There was, as countless hapless investors have testified, little about him to arouse suspicion and so much to inspire trust. The lucky few who were allowed to invest with him believed they were being let in on a big secret – which was half right. The secret was that there was no Midas touch to the Madoff investment strategy. His magic, according to the prosecution line, was more that of the Wizard of Oz – pull back the curtain and you would find a little man in a tiny office above his legitimate, art-laden investment firm where there was no computer but a lot of chits written down on pieces of paper.

Ponzi schemes – named after a notorious 1920s American fraudster – can only last as long as there is enough new investment to pay investors who want to withdraw their funds from the scheme. From what prosecutors say Mr Madoff told colleagues, his grip on the operation finally came loose earlier this month when investors asked to redeem $7 billion (£4.6 billion) and he struggled to find it.

Prosecutors have yet to say where all the money went and how much, if any, is left – Did he spend it? Did he lose it on the markets? Is it under his bed? Anything seems possible in this case. Nor will they spell out exactly how long it lasted although they have said it was years and some have speculated that it may have been decades. However, it certainly unravelled fast.

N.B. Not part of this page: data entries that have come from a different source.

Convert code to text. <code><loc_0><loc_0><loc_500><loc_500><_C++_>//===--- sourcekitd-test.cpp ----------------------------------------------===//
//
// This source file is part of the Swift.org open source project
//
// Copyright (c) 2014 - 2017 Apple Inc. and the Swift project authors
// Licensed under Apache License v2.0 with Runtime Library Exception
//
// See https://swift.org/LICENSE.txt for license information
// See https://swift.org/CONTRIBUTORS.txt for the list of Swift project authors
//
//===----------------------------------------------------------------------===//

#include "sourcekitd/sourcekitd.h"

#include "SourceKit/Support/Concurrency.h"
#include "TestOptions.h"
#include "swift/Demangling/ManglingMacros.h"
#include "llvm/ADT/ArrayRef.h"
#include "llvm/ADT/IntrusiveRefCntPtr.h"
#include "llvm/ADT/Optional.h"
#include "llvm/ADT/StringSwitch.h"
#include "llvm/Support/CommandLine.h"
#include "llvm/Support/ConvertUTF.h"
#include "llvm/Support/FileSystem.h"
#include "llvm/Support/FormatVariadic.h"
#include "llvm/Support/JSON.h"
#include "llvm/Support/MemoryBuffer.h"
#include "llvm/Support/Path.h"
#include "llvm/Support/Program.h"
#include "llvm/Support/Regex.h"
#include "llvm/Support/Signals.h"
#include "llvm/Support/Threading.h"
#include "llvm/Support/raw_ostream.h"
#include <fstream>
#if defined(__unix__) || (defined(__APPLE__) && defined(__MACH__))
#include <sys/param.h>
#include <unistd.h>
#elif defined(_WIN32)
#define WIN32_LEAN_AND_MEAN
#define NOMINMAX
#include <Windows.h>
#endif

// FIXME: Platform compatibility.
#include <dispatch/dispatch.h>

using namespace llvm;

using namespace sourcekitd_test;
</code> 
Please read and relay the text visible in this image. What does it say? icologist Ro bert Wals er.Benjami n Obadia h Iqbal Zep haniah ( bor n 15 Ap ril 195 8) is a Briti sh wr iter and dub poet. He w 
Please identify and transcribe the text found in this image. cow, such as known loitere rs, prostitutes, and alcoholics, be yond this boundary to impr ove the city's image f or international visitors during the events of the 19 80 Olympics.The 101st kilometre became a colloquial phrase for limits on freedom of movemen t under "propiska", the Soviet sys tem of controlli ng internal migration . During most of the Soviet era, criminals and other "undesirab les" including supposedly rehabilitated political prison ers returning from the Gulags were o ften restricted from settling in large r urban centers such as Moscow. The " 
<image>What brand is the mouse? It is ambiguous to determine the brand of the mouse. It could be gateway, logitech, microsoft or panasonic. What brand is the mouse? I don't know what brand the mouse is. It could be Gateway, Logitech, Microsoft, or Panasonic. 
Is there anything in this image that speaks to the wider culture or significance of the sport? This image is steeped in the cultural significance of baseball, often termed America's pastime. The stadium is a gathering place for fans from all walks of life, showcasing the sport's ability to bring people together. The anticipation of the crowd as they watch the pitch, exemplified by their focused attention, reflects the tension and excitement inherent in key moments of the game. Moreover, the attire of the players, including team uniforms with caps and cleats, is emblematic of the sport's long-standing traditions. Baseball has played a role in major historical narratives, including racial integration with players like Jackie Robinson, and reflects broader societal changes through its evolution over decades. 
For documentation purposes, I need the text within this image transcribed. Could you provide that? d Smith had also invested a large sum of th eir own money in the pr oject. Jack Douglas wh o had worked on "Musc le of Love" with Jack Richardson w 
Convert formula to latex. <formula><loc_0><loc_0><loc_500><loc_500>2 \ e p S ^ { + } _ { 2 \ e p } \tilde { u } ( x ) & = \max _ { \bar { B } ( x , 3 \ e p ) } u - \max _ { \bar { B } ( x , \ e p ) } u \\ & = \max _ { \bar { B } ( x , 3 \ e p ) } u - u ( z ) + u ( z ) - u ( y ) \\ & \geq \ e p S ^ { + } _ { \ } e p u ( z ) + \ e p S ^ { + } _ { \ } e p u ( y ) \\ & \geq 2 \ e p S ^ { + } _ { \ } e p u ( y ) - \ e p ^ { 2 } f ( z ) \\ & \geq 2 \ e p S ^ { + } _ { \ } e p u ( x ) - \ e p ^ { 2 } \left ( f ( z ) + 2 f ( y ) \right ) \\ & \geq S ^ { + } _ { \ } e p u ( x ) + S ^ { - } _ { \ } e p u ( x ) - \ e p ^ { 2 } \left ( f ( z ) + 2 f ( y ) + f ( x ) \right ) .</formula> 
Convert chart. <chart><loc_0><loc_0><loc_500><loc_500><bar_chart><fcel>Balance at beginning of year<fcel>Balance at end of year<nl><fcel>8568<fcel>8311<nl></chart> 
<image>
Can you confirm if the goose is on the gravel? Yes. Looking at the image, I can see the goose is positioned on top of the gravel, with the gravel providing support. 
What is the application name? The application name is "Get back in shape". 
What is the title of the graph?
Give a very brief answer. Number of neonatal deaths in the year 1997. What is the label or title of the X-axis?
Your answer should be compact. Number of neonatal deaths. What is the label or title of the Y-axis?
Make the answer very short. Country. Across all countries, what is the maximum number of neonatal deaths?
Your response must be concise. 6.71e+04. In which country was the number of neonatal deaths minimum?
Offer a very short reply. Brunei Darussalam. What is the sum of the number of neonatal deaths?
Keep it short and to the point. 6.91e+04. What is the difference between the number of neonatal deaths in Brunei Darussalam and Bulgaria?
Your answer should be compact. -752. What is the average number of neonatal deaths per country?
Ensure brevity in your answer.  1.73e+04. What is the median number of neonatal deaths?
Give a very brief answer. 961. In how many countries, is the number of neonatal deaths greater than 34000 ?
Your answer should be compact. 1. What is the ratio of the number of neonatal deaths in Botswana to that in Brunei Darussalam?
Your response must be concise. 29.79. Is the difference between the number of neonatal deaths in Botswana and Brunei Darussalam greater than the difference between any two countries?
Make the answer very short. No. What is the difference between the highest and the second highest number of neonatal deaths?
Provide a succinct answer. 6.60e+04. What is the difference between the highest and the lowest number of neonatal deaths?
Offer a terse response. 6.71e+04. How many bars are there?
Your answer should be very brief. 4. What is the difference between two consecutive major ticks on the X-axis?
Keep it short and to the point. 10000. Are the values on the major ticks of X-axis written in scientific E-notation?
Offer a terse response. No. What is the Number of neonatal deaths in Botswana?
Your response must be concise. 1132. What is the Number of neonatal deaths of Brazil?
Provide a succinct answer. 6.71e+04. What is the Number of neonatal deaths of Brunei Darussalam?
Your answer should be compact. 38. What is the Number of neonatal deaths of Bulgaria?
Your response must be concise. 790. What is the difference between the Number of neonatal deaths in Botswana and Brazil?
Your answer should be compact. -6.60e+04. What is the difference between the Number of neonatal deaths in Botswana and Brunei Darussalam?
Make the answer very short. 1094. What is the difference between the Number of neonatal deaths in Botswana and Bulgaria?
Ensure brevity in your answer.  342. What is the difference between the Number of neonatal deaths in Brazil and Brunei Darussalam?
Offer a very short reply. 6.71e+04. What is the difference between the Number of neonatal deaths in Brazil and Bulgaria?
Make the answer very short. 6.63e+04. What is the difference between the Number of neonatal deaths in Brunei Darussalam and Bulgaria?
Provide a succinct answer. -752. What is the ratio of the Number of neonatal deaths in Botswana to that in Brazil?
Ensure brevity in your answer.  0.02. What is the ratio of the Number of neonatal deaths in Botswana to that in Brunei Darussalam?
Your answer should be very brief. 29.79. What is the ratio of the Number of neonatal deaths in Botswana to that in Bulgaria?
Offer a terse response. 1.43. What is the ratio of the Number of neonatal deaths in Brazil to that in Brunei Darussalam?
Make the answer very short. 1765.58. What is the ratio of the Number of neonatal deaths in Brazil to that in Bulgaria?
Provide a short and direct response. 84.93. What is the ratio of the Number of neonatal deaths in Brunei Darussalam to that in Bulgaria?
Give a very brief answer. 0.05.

His arrest at 8.30am last Thursday by two FBI agents who turned up at his Manhattan apartment came just hours after he had come clean about everything to his sons, Andrew and Mark, said one of their lawyers. Mark, 42, ran the proprietary trading business and Andrew, 40, was one of its directors. Their lawyers insist that neither, who had worked their lives in the family business, had any knowledge of what their father was doing.

According to prosecutors, he had told two staff – understood to be his sons – that he was "finished", that his business was "just one big lie" and "basically, a giant Ponzi scheme" that had been insolvent for years.

Charged with a single count of securities fraud, as well as a separate civil fraud lawsuit, he has been freed on $10 million (£6.5 million) bail.

As the blame game deepens over responsibility for the mess, it has emerged that Mr Madoff has weathered several investigations. In 1992, he faced regulatory scrutiny after the SEC sued two Florida accountants for allegedly raising $441 million (£288 million) while selling unregistered securities. The SEC determined that the money had been accounted for and didn't accuse Mr Madoff of wrongdoing.

And his uncanny ability to give a steady 10 per cent or so return to investors had raised eyebrows at least once before. But hedge fund managers never like to discuss their strategies and Mr Madoff's reticence – "It's a proprietary strategy. I can't go into it in great deal", he said seven years ago – was never seen as that unusual.